• What you should do
For the string "units", find every matching line in the records and copy it.

• Task input
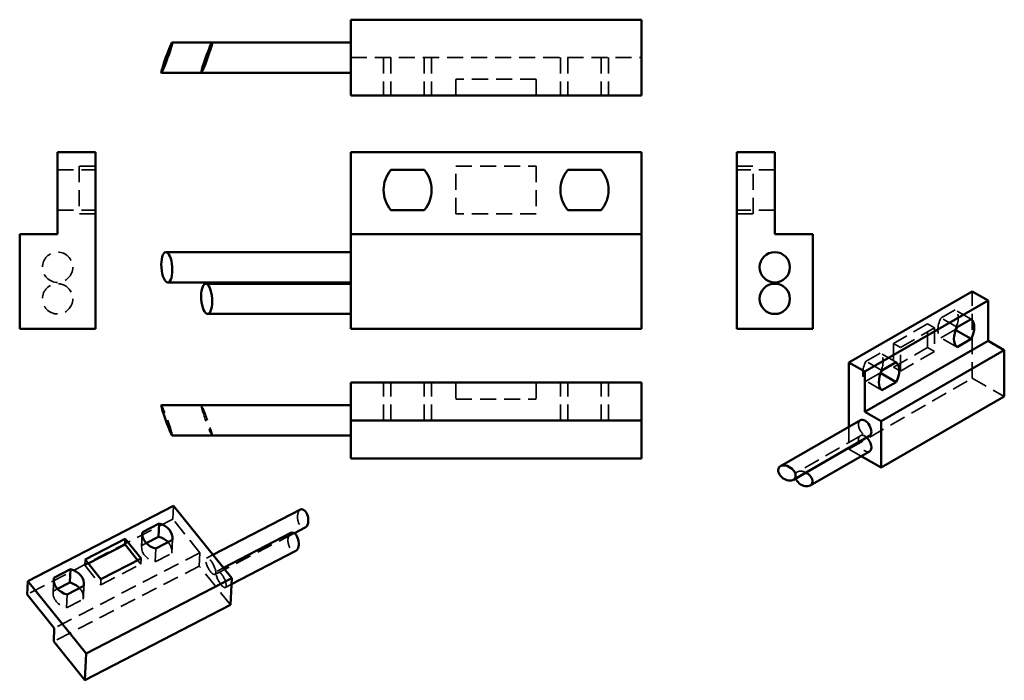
# Model space of a CAD drawing. Header units: millimetres. Extents: x 3.3 to 81.3, y 2.4 to 54.7.
import ezdxf

# ---------------------------------------------------------------- set-up
doc = ezdxf.new("R2010")
doc.units = ezdxf.units.MM
doc.header["$LTSCALE"] = 0.2
doc.linetypes.add('CACHE', pattern=[9.525, 6.35, -3.175])
doc.layers.add('Arêtes cachées(ISO)', color=6, linetype='CACHE', lineweight=35)
doc.layers.add('Arêtes visibles(ISO)', color=7, linetype='Continuous', lineweight=50)

msp = doc.modelspace()

# ---------------------------------------------------------------- linework, layer by layer
at = {"layer": 'Arêtes cachées(ISO)'}
for p, q in [((29.549, 51.725), (52.549, 51.725)), ((32.149, 51.725), (32.149, 48.725)), ((32.728, 51.725), (32.728, 48.725)), ((35.37, 51.725), (35.37, 48.725)), ((35.949, 51.725), (35.949, 48.725)), ((46.149, 51.725), (46.149, 48.725)), ((46.728, 51.725), (46.728, 48.725)), ((49.37, 51.725), (49.37, 48.725)), ((49.949, 51.725), (49.949, 48.725)), ((44.224, 50.025), (37.874, 50.025)), ((37.874, 48.725), (37.874, 50.025)), ((44.224, 48.725), (44.224, 50.025)), ((9.342, 43.138), (8.042, 43.138)), ((8.042, 43.138), (8.042, 39.338)), ((37.874, 39.338), (37.874, 43.138)), ((37.874, 43.138), (44.224, 43.138)), ((44.224, 43.138), (44.224, 39.338)), ((60.112, 43.138), (61.412, 43.138)), ((61.412, 39.338), (61.412, 43.138)), ((6.342, 42.838), (9.342, 42.838)), ((63.112, 42.838), (60.112, 42.838)), ((6.342, 39.638), (9.342, 39.638)), ((9.342, 39.338), (8.042, 39.338)), ((44.224, 39.338), (37.874, 39.338)), ((63.112, 39.638), (60.112, 39.638)), ((60.112, 39.338), (61.412, 39.338)), ((78.734, 26.341), (78.734, 33.209)), ((77.385, 31.745), (76.264, 31.1)), ((78.658, 31.012), (77.385, 31.745)), ((75.202, 30.635), (72.508, 29.084)), ((75.202, 30.635), (75.754, 30.317)), ((75.202, 28.771), (75.202, 30.635)), ((77.537, 30.367), (76.264, 31.1)), ((73.06, 28.766), (75.754, 30.317)), ((75.754, 30.317), (75.754, 28.453)), ((76.264, 29.53), (77.385, 30.175)), ((77.438, 30.145), (77.385, 30.175)), ((72.508, 29.084), (72.508, 27.22)), ((72.508, 29.084), (73.06, 28.766)), ((77.537, 28.797), (76.264, 29.53)), ((71.446, 28.325), (70.325, 27.679)), ((72.718, 27.592), (71.446, 28.325)), ((72.508, 27.22), (75.202, 28.771)), ((73.06, 26.902), (73.06, 28.766)), ((75.754, 28.453), (73.06, 26.902)), ((75.202, 28.771), (75.754, 28.453)), ((71.598, 26.946), (70.325, 27.679)), ((70.325, 26.11), (71.446, 26.755)), ((71.498, 26.725), (71.446, 26.755)), ((72.508, 27.22), (73.06, 26.902)), ((32.149, 22.986), (32.149, 25.986)), ((32.728, 22.986), (32.728, 25.986)), ((35.37, 22.986), (35.37, 25.986)), ((35.949, 22.986), (35.949, 25.986)), ((37.874, 25.986), (37.874, 24.686)), ((44.224, 25.986), (44.224, 24.686)), ((46.149, 22.986), (46.149, 25.986)), ((46.728, 22.986), (46.728, 25.986)), ((49.37, 22.986), (49.37, 25.986)), ((49.949, 22.986), (49.949, 25.986)), ((68.976, 20.722), (78.734, 26.341)), ((71.598, 25.377), (70.325, 26.11)), ((78.734, 26.341), (81.28, 24.875)), ((37.874, 24.686), (44.224, 24.686)), ((68.976, 22.481), (68.976, 20.722)), ((69.889, 21.781), (64.899, 18.907)), ((68.976, 20.722), (69.956, 20.157)), ((15.505, 16.236), (15.457, 15.179)), ((15.457, 15.179), (3.938, 9.214)), ((17.603, 12.51), (15.457, 15.179)), ((12.996, 13.003), (13.044, 14.06)), ((18.798, 10.795), (25.089, 14.053)), ((13.004, 13.094), (13.044, 13.969)), ((13.351, 13.274), (13.004, 13.094)), ((15.383, 12.466), (15.431, 13.523)), ((15.392, 12.557), (15.44, 13.614)), ((17.603, 12.51), (6.083, 6.545)), ((14.06, 11.78), (14.108, 12.837)), ((17.603, 12.51), (17.555, 11.453)), ((8.519, 11.978), (8.498, 11.52)), ((12.932, 11.607), (12.678, 11.923)), ((12.953, 12.065), (12.932, 11.607)), ((14.06, 11.78), (15.383, 12.466)), ((18.136, 12.074), (18.64, 12.335)), ((17.555, 11.453), (6.036, 5.488)), ((8.772, 11.662), (8.498, 11.52)), ((8.498, 11.52), (9.752, 9.96)), ((9.752, 9.96), (12.932, 11.607)), ((20.03, 8.373), (17.555, 11.453)), ((18.961, 11.047), (19.465, 11.309)), ((5.984, 9.373), (6.032, 10.43)), ((5.993, 9.464), (6.032, 10.338)), ((9.773, 10.418), (9.752, 9.96)), ((6.339, 9.643), (5.993, 9.464)), ((8.372, 8.835), (8.42, 9.892)), ((8.38, 8.926), (8.428, 9.983)), ((19.623, 9.769), (20.104, 10.018)), ((7.049, 8.15), (7.096, 9.207)), ((7.049, 8.15), (8.372, 8.835))]:
    msp.add_line(p, q, dxfattribs=at)
for centre in [(6.342, 35.119), (6.342, 32.619)]:
    msp.add_circle(centre, 1.2, dxfattribs=at)
for centre, major_axis, ratio, start_param, end_param in [((76.57, 30.491), (0.749, 1.3), 0.578093, 4.801355, 6.190352), ((77.079, 30.784), (-0.749, -1.3), 0.578093, 4.801355, 6.190352), ((70.631, 27.07), (0.749, 1.3), 0.578093, 4.801355, 6.190352), ((71.14, 27.364), (-0.749, -1.3), 0.578093, 4.801355, 6.190352), ((14.986, 22.986), (-0.432, 1.2), 0.055984, 3.121457, 6.26305), ((70.249, 22.383), (0.359, -0.624), 0.578093, 3.141593, 6.283185), ((70.249, 21.157), (0.359, -0.624), 0.578093, 2.06688, 6.283185), ((65.41, 18.37), (-0.631, 0.427), 0.669625, 4.893028, 7.042454), ((25.761, 15.212), (-0.115, 0.738), 0.559132, 0.185381, 3.326974), ((25.004, 13.366), (-0.115, 0.738), 0.559132, 0.185381, 3.326974), ((13.893, 12.624), (1.498, -0.068), 0.808979, 6.20791, 6.972537), ((14.494, 12.936), (-1.498, 0.068), 0.808979, 6.20791, 7.596906), ((7.483, 9.305), (-1.498, 0.068), 0.808979, 6.20791, 7.596906), ((6.882, 8.994), (1.498, -0.068), 0.808979, 6.20791, 6.972537)]:
    msp.add_ellipse(centre, major_axis=major_axis, ratio=ratio, start_param=start_param, end_param=end_param, dxfattribs=at)
for centre, major_axis, ratio in [((18.144, 22.986), (-0.432, 1.2), 0.055984), ((18.467, 11.435), (0.331, -0.639), 0.341182), ((19.292, 10.408), (0.331, -0.639), 0.341182)]:
    msp.add_ellipse(centre, major_axis=major_axis, ratio=ratio, dxfattribs=at)
at = {"layer": 'Arêtes visibles(ISO)'}
for p, q in [((29.549, 48.725), (29.549, 54.725)), ((52.549, 54.725), (29.549, 54.725)), ((52.549, 48.725), (52.549, 54.725)), ((18.574, 52.925), (15.416, 52.925)), ((29.549, 52.925), (18.574, 52.925)), ((17.714, 50.525), (14.556, 50.525)), ((29.549, 50.525), (17.714, 50.525)), ((29.549, 48.725), (52.549, 48.725)), ((9.342, 44.238), (6.342, 44.238)), ((6.342, 44.238), (6.342, 37.738)), ((9.342, 30.238), (9.342, 44.238)), ((29.549, 37.738), (29.549, 44.238)), ((29.549, 44.238), (52.549, 44.238)), ((52.549, 44.238), (52.549, 37.738)), ((60.112, 44.238), (63.112, 44.238)), ((60.112, 44.238), (60.112, 30.238)), ((63.112, 37.738), (63.112, 44.238)), ((32.728, 42.838), (35.37, 42.838)), ((46.728, 42.838), (49.37, 42.838)), ((35.37, 39.638), (32.728, 39.638)), ((49.37, 39.638), (46.728, 39.638)), ((6.342, 37.738), (3.342, 37.738)), ((3.342, 37.738), (3.342, 30.238)), ((29.549, 30.238), (29.549, 37.738)), ((29.549, 37.738), (52.549, 37.738)), ((52.549, 37.738), (52.549, 30.238)), ((63.112, 37.738), (66.112, 37.738)), ((66.112, 30.238), (66.112, 37.738)), ((29.549, 36.319), (14.91, 36.319)), ((29.549, 33.919), (15.062, 33.919)), ((29.549, 33.819), (18.068, 33.819)), ((78.734, 33.209), (68.976, 27.589)), ((78.734, 33.209), (80.007, 32.476)), ((70.249, 26.856), (80.007, 32.476)), ((80.007, 32.476), (80.007, 29.287)), ((29.549, 31.419), (18.22, 31.419)), ((77.537, 30.367), (78.658, 31.012)), ((9.342, 30.238), (3.342, 30.238)), ((52.549, 30.238), (29.549, 30.238)), ((60.112, 30.238), (66.112, 30.238)), ((78.658, 29.442), (77.438, 30.145)), ((70.249, 23.668), (80.007, 29.287)), ((78.658, 29.442), (77.537, 28.797)), ((80.007, 29.287), (81.28, 28.554)), ((71.522, 22.935), (81.28, 28.554)), ((81.28, 28.554), (81.28, 24.875)), ((68.976, 27.589), (70.249, 26.856)), ((68.976, 27.589), (68.976, 22.481)), ((71.598, 26.946), (72.718, 27.592)), ((70.249, 23.668), (70.249, 26.856)), ((72.718, 26.022), (71.498, 26.725)), ((29.549, 25.986), (29.549, 22.986)), ((52.549, 25.986), (29.549, 25.986)), ((52.549, 25.986), (52.549, 22.986)), ((72.718, 26.022), (71.598, 25.377)), ((29.549, 24.186), (14.556, 24.186)), ((81.28, 24.875), (71.522, 19.256)), ((70.249, 23.668), (71.522, 22.935)), ((29.549, 22.986), (52.549, 22.986)), ((29.549, 22.986), (29.549, 19.986)), ((52.549, 22.986), (52.549, 19.986)), ((69.889, 23.007), (63.559, 19.362)), ((71.522, 19.256), (71.522, 22.935)), ((29.549, 21.786), (15.416, 21.786)), ((70.608, 21.759), (64.581, 18.288)), ((70.608, 20.533), (65.921, 17.834)), ((29.549, 19.986), (52.549, 19.986)), ((69.956, 20.157), (71.522, 19.256)), ((3.986, 10.271), (15.505, 16.236)), ((15.505, 16.236), (20.126, 10.487)), ((18.64, 12.335), (25.572, 15.925)), ((13.052, 14.151), (14.375, 14.837)), ((14.327, 13.78), (14.375, 14.837)), ((13.044, 13.969), (13.052, 14.151)), ((19.465, 11.309), (24.815, 14.079)), ((25.089, 14.053), (25.949, 14.498)), ((8.519, 11.978), (11.699, 13.625)), ((11.699, 13.625), (11.678, 13.167)), ((11.699, 13.625), (12.953, 12.065)), ((14.327, 13.78), (13.351, 13.274)), ((15.431, 13.523), (14.108, 12.837)), ((11.678, 13.167), (8.772, 11.662)), ((12.678, 11.923), (11.678, 13.167)), ((20.104, 10.018), (25.193, 12.653)), ((9.773, 10.418), (8.519, 11.978)), ((12.953, 12.065), (9.773, 10.418)), ((6.04, 10.521), (7.363, 11.206)), ((7.316, 10.149), (7.363, 11.206)), ((3.986, 10.271), (3.938, 9.214)), ((8.606, 4.522), (3.986, 10.271)), ((6.032, 10.338), (6.04, 10.521)), ((7.316, 10.149), (6.339, 9.643)), ((20.126, 10.487), (8.606, 4.522)), ((20.126, 10.487), (20.03, 8.373)), ((8.42, 9.892), (7.096, 9.207)), ((3.938, 9.214), (6.083, 6.545)), ((8.511, 2.408), (20.03, 8.373)), ((6.083, 6.545), (6.036, 5.488)), ((6.036, 5.488), (8.511, 2.408)), ((8.606, 4.522), (8.511, 2.408))]:
    msp.add_line(p, q, dxfattribs=at)
for centre in [(63.112, 35.119), (63.112, 32.619)]:
    msp.add_circle(centre, 1.2, dxfattribs=at)
for centre, start, end in [((34.649, 41.238), 140.20818, 219.79182), ((33.449, 41.238), 320.20818, 39.79182), ((48.649, 41.238), 140.20818, 219.79182), ((47.449, 41.238), 320.20818, 39.79182)]:
    msp.add_arc(centre, 2.5, start, end, dxfattribs=at)
for centre, major_axis, ratio in [((14.986, 51.725), (-0.432, -1.2), 0.055984), ((18.144, 51.725), (-0.432, -1.2), 0.055984), ((14.986, 35.119), (-0.087, 1.2), 0.356806), ((18.144, 32.619), (-0.087, 1.2), 0.356806), ((64.07, 18.825), (-0.631, 0.427), 0.669625)]:
    msp.add_ellipse(centre, major_axis=major_axis, ratio=ratio, dxfattribs=at)
for centre, major_axis, ratio, start_param, end_param in [((77.843, 29.758), (0.749, 1.3), 0.578093, 4.801355, 6.190352), ((78.352, 30.051), (-0.749, -1.3), 0.578093, 4.801355, 6.190352), ((71.903, 26.338), (0.749, 1.3), 0.578093, 4.801355, 6.190352), ((72.413, 26.631), (-0.749, -1.3), 0.578093, 4.801355, 6.190352), ((14.986, 22.986), (-0.432, 1.2), 0.055984, 6.26305, 9.404642), ((70.249, 22.383), (-0.359, 0.624), 0.578093, 3.141593, 6.283185), ((70.249, 21.157), (0.359, -0.624), 0.578093, 0, 2.06688), ((65.41, 18.37), (-0.631, 0.427), 0.669625, 0.759268, 4.893028), ((25.761, 15.212), (-0.115, 0.738), 0.559132, 3.326974, 6.468566), ((13.941, 13.681), (1.498, -0.068), 0.808979, 6.20791, 7.596906), ((14.542, 13.993), (-1.498, 0.068), 0.808979, 6.20791, 7.596906), ((25.004, 13.366), (-0.115, 0.738), 0.559132, 3.326974, 6.468566), ((13.893, 12.624), (-1.498, 0.068), 0.808979, 3.830944, 4.455313), ((6.929, 10.051), (1.498, -0.068), 0.808979, 6.20791, 7.596906), ((7.53, 10.362), (-1.498, 0.068), 0.808979, 6.20791, 7.596906), ((6.882, 8.994), (-1.498, 0.068), 0.808979, 3.830944, 4.455313)]:
    msp.add_ellipse(centre, major_axis=major_axis, ratio=ratio, start_param=start_param, end_param=end_param, dxfattribs=at)

doc.saveas('drawing.dxf')

• Exercise output
# Model space of a CAD drawing. Header units: millimetres. Extents: x 3.3 to 81.3, y 2.4 to 54.7.
doc.units = ezdxf.units.MM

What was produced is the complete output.